On 2024.04.09 09:00, Thomas Schmitt via Libcdio-devel wrote:
Hi,
Pete Batard wrote:
Or maybe there's a mathematical proof that
a UTF-8 glyph byte encoding can never be larger than 1.5 the UTF-16 glyph
byte encoding
I thought to have given one. Let me try again:
https://datatracker.ietf.org/doc/html/rfc3629
"In UTF-8, characters from the U+0000..U+10FFFF range (the UTF-16
accessible range) are encoded using sequences of 1 to 4 octets."
My issue is that I see nothing preventing Unicode to add ranges post
U+10FFFF that are going to require more than 1.5 UTF-16. That's what I
tried to allude to in my reply,
In short, especially considering that we have precedent of the Unicode
Consortium expanding on what they had previously established as an upper
range limit, I still see no formal proof that 1.5 UTF-16 will *always*
be enough for the UTF-8 conversion, especially as I fully expect Unicode
to grow past the U+10FFFF boundary.
I try to obey specs and to avoid speculations about what of their
provisions would possibly not happen in practice.
I try to base my implementations on real-life usage, and not obvious
abuse of specs.
To my experience this pays off on the long run.
To my experience, my approach pays off better because the day you need
to alter your current implementation, you are not speculating about how
specs might be (ab)used, but instead do so based on direct empirical data.
Plus, and this is the most important part, placing obvious stopgaps for
scenarios you have yet to see (and expect to rarely ever happen if ever)
is the only way I know to get proper feedback on your code usage, which
does help you design better software in the long run.

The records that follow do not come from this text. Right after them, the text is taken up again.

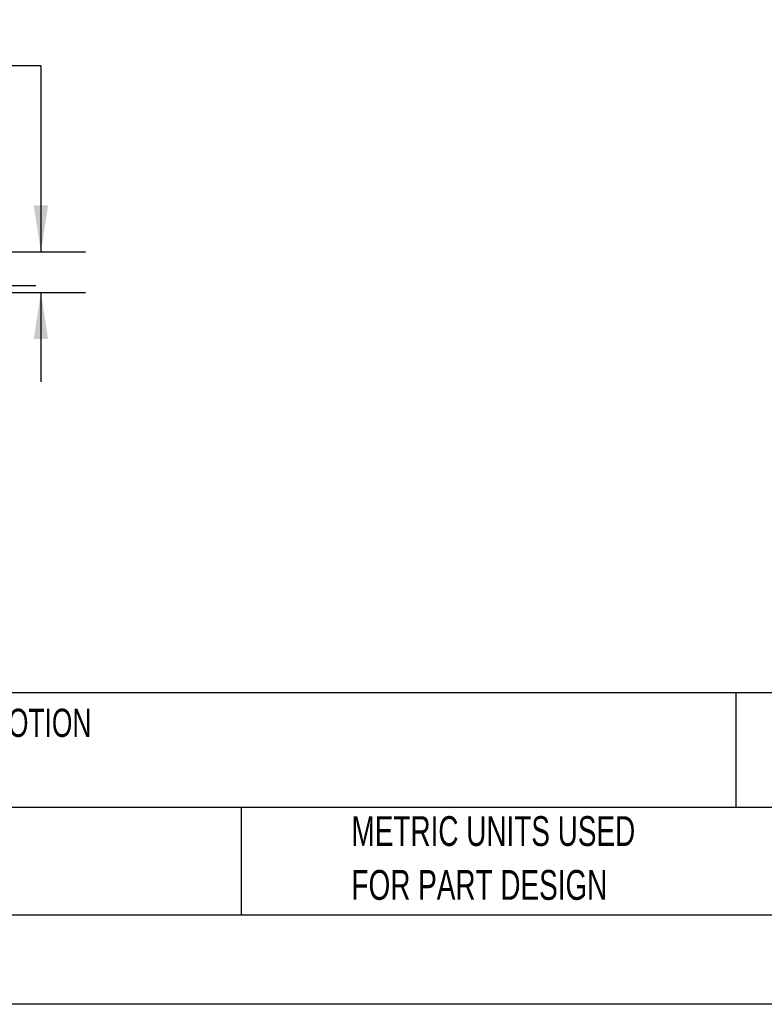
# Model space of a CAD drawing. Header units: millimetres. Extents: x 0 to 279, y 0 to 216.
# Tile 3 of 5: x 105 to 158, y 0 to 70. Entities that reach past the tile are written whole.
import ezdxf

# ---------------------------------------------------------------- set-up
doc = ezdxf.new("R2010")
doc.units = ezdxf.units.MM
doc.linetypes.add('CENTERX2', pattern=[20.32, 12.7, -2.54, 2.54, -2.54])
doc.layers.add('CENTER', color=40, linetype='CENTERX2')
doc.layers.add('DIMENSIONS', color=140, linetype='Continuous', lineweight=25)
doc.layers.add('TEXT', color=140, linetype='Continuous', lineweight=25)
doc.styles.add('SLDTEXTSTYLE0', font='TXT', dxfattribs={"width": 0.7})
doc.dimstyles.new('SLDDIMSTYLE1', dxfattribs={"dimtxt": 2.158008, "dimasz": 3.302, "dimexe": 0, "dimexo": 0.0625, "dimgap": 0.539502, "dimtad": 0, "dimtih": 1, "dimtoh": 1, "dimrnd": 1e-09, "dimzin": 12, "dimdsep": 46, "dimtxsty": 'SLDTEXTSTYLE0', "dimsah": 1, "dimcen": 0.09, "dimadec": 0, "dimazin": 3, "dimtfac": 1, "dimtmove": 0, "dimatfit": 0, "dimfxl": 0, "dimfrac": 2, "dimtolj": 1, "dimtzin": 12, "dimarcsym": 0})

# ---------------------------------------------------------------- blocks, each defined once
blk = doc.blocks.new('SW_NOTE_0')
at = {"layer": 'TEXT', "color": 0, "linetype": 'CENTERX2', "lineweight": 18, "char_height": 2, "attachment_point": 1, "style": 'SLDTEXTSTYLE0'}
for s, insert in [('EVER MOTION SOLUTIONS DRIVE/MOTOR POWER CONNECTOR, REPLACEMENT. FOR USE WITH EVER MOTION', (0, 2.578)), ('SOLUTIONS LW3A9030N2A1-00 MICROSTEPPING DRIVE', (0, -0.422))]:
    blk.add_mtext(s, dxfattribs=dict(at, insert=insert))
blk = doc.blocks.new('SW_NOTE_0_3')
at = {"layer": 'TEXT', "color": 0, "linetype": 'CENTERX2', "lineweight": 18, "char_height": 2.11667, "attachment_point": 1, "style": 'SLDTEXTSTYLE0'}
for s, insert in [('PART DIMENSIONS MAY DIFFER SLIGHTLY', (0, 2.729)), ("DUE TO MANUFACTURER'S VARIANCES", (0, -1.094))]:
    blk.add_mtext(s, dxfattribs=dict(at, insert=insert))
blk = doc.blocks.new('SW_NOTE_0_6')
at = {"layer": 'TEXT', "color": 0, "linetype": 'CENTERX2', "lineweight": 18, "char_height": 2.11667, "attachment_point": 1, "style": 'SLDTEXTSTYLE0'}
for s, insert in [('METRIC UNITS USED', (0, 2.729)), ('FOR PART DESIGN', (0, -1.094))]:
    blk.add_mtext(s, dxfattribs=dict(at, insert=insert))
blk = doc.blocks.new('_D_16')
at = {"layer": 'DIMENSIONS'}
for p, q in [((89.767, 66.683), (89.043, 66.683)), ((89.043, 66.683), (89.043, 63.253)), ((96.18, 66.683), (96.905, 66.683)), ((96.905, 66.683), (96.905, 63.253)), ((100.072, 66.683), (106.422, 66.683)), ((106.422, 66.683), (106.422, 53.434)), ((89.043, 63.253), (89.767, 63.253)), ((96.905, 63.253), (96.18, 63.253)), ((99.194, 53.434), (109.597, 53.434)), ((99.069, 50.565), (109.597, 50.565)), ((106.422, 50.565), (106.422, 44.215))]:
    blk.add_line(p, q, dxfattribs=at)
for points in [[(106.422, 53.434), (106.93, 56.736), (105.914, 56.736)], [(106.422, 50.565), (105.914, 47.263), (106.93, 47.263)]]:
    blk.add_solid(points, dxfattribs=at)
at = {"layer": 'DIMENSIONS', "char_height": 2.1167, "attachment_point": 1, "style": 'SLDTEXTSTYLE0'}
for s, insert in [('2.9', (90.665, 69.895)), ('0.11', (89.767, 65.982))]:
    blk.add_mtext(s, dxfattribs=dict(at, insert=insert))
blk = doc.blocks.new('SW_CENTERMARKSYMBOL_10')
at = {"layer": 'CENTER', "color": 0}
for p, q in [((0, 2.54), (0, 4.49)), ((0, 0), (0, 2.54)), ((-2.54, 0), (-4.49, 0)), ((0, 0), (-2.54, 0)), ((0, 0), (0, -2.54)), ((0, 0), (2.54, 0)), ((2.54, 0), (4.49, 0)), ((0, -2.54), (0, -4.49))]:
    blk.add_line(p, q, dxfattribs=at)

msp = doc.modelspace()

# ---------------------------------------------------------------- linework, layer by layer
at = {"color": 7, "linetype": 'Continuous'}
msp.add_line((279.402, 0.003), (0.002, 0.003), dxfattribs=at)
at = {"layer": 'TEXT'}
for p, q in [((273.05, 22.126), (6.35, 22.126)), ((155.759, 22.126), (155.759, 13.97)), ((273.05, 13.97), (6.35, 13.97)), ((120.646, 13.97), (120.646, 6.35)), ((6.35, 6.35), (273.05, 6.35))]:
    msp.add_line(p, q, dxfattribs=at)

# ---------------------------------------------------------------- block references
at = {"layer": 'CENTER'}
msp.add_blockref('SW_CENTERMARKSYMBOL_10', (101.579, 51.064), dxfattribs=at)
at = {"layer": 'TEXT', "linetype": 'CENTERX2', "lineweight": 18}
for name, p in [('SW_NOTE_0', (8.284, 18.416)), ('SW_NOTE_0_3', (55.119, 10.635)), ('SW_NOTE_0_6', (128.478, 10.635))]:
    msp.add_blockref(name, p, dxfattribs=at)

# ---------------------------------------------------------------- dimensions: what is measured, and where the dimension line sits
at = {"layer": 'DIMENSIONS'}
dim = msp.add_linear_dim(base=(106.422, 50.565), p1=(97.924, 53.434), p2=(97.799, 50.565), angle=90, dimstyle='SLDDIMSTYLE1', dxfattribs=at)
dim.commit()
dim.dimension.update_dxf_attribs({"geometry": '_D_16', "text_midpoint": (106.422, 66.683), "dimtype": 160})

doc.saveas('drawing.dxf')
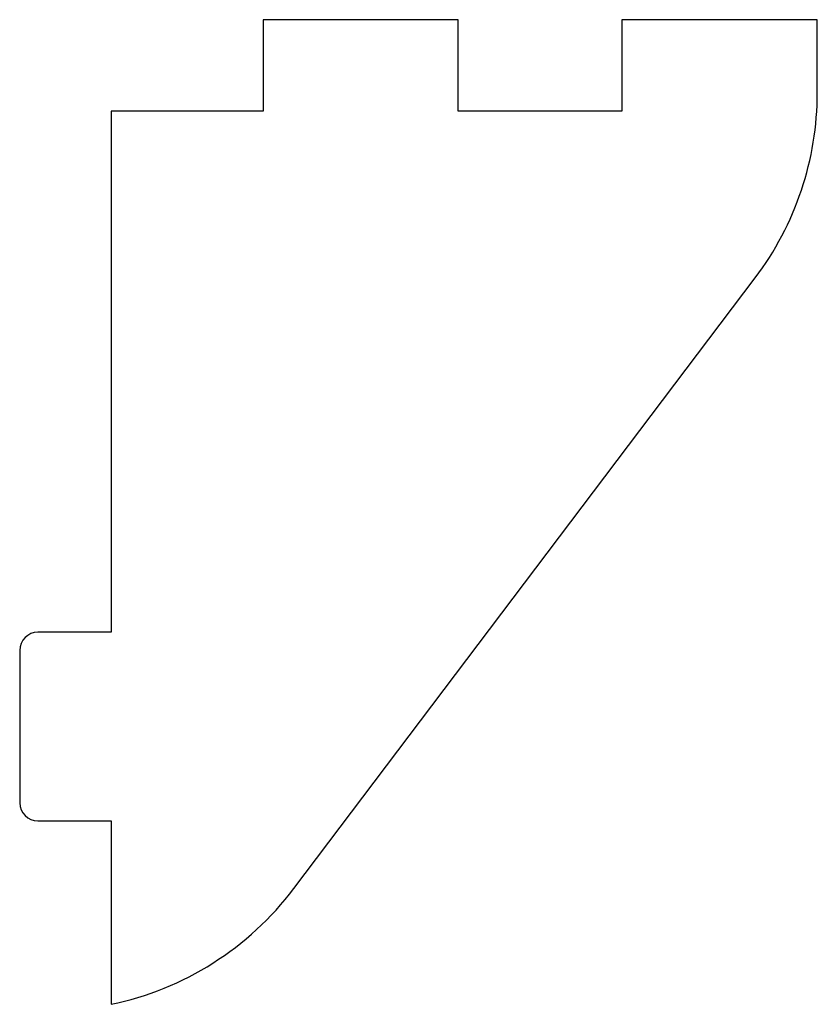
# Model space of a CAD drawing. Header units: millimetres. Extents: x -13.1 to 13.1, y -16.2 to 16.2.
import ezdxf

# ---------------------------------------------------------------- set-up
doc = ezdxf.new("R2010")
doc.units = ezdxf.units.MM
doc.layers.get('0').update_dxf_attribs({"linetype": 'CONTINUOUS'})

msp = doc.modelspace()

# ---------------------------------------------------------------- linework, layer by layer
for p, q in [((1.3, 16.161), (-5.1, 16.161)), ((-5.1, 16.161), (-5.1, 13.161)), ((1.3, 13.161), (1.3, 16.161)), ((13.1, 16.161), (6.676, 16.161)), ((6.676, 16.161), (6.676, 13.161)), ((13.1, 13.766), (13.1, 16.161)), ((-5.1, 13.161), (-10.1, 13.161)), ((-10.1, 13.161), (-10.1, -3.961)), ((6.676, 13.161), (1.3, 13.161)), ((-4.097, -12.384), (11.059, 7.678)), ((-10.1, -3.961), (-12.5, -3.961)), ((-13.1, -4.561), (-13.1, -9.561)), ((-12.5, -10.161), (-10.1, -10.161)), ((-10.1, -10.161), (-10.1, -16.184))]:
    msp.add_line(p, q)
for centre, radius, start, end in [((3, 13.766), 10.1, -37.0698, 0), ((-12.5, -4.561), 0.6, 90, 180), ((-12.5, -9.561), 0.6, 180, 270), ((-12.156, -6.296), 10.1, 281.7447, 322.9302)]:
    msp.add_arc(centre, radius, start, end)

doc.saveas('drawing.dxf')

Otherwise, IMO,
you're just producing academical code, with no clue about how it is
actually being used.
In this instance, if someone does see a truncating warning and gets an
issue as a result, I very much want to get feedback on how they got it,
and what kind of image they are producing. Because it'll give me data
not for just this specific case, but for all the other colloratory
real-life usage, which is paramount to understanding your user base and
in turn design software that actually fills their needs (rather than
what one expects their needs to be).
Regards,
/Pete